_To do_:
Your answer should be one number, the count of lines in the listing below containing the word "class".

_Extracted records_:
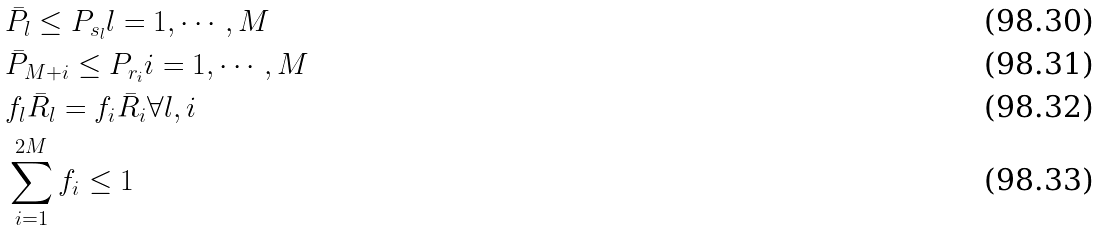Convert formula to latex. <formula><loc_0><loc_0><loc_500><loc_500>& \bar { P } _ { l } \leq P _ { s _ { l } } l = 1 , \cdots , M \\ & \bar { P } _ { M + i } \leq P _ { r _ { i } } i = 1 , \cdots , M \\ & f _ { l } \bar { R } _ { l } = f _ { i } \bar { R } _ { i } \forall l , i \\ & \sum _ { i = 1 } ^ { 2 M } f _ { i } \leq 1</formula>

==

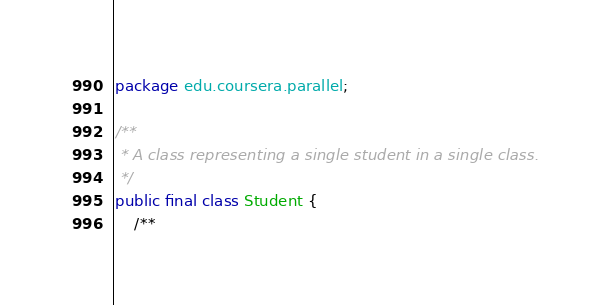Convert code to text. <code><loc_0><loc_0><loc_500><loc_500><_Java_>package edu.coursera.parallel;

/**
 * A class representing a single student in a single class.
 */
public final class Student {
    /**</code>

==

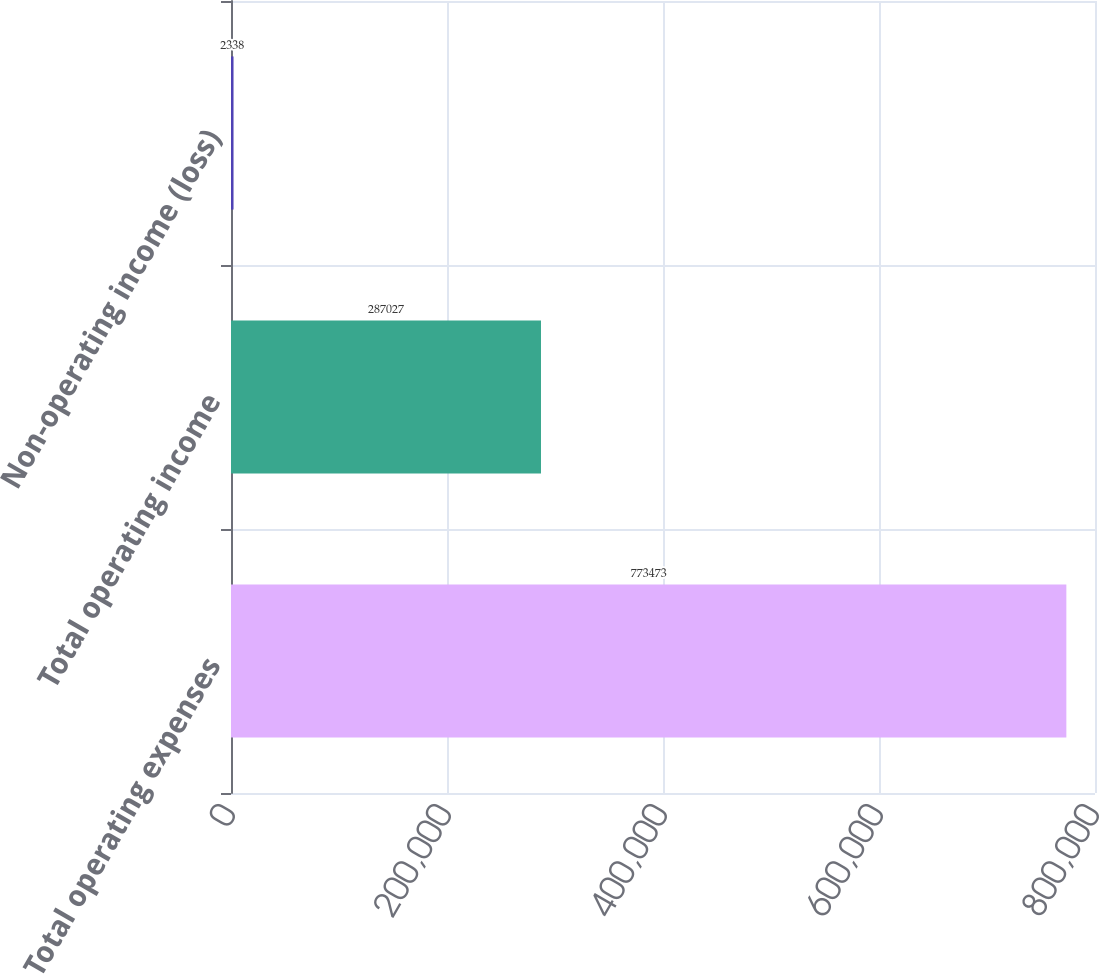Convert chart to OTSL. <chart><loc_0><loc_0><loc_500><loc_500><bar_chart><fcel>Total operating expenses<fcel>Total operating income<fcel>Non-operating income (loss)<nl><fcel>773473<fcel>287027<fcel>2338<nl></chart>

_Exercise answer_:
2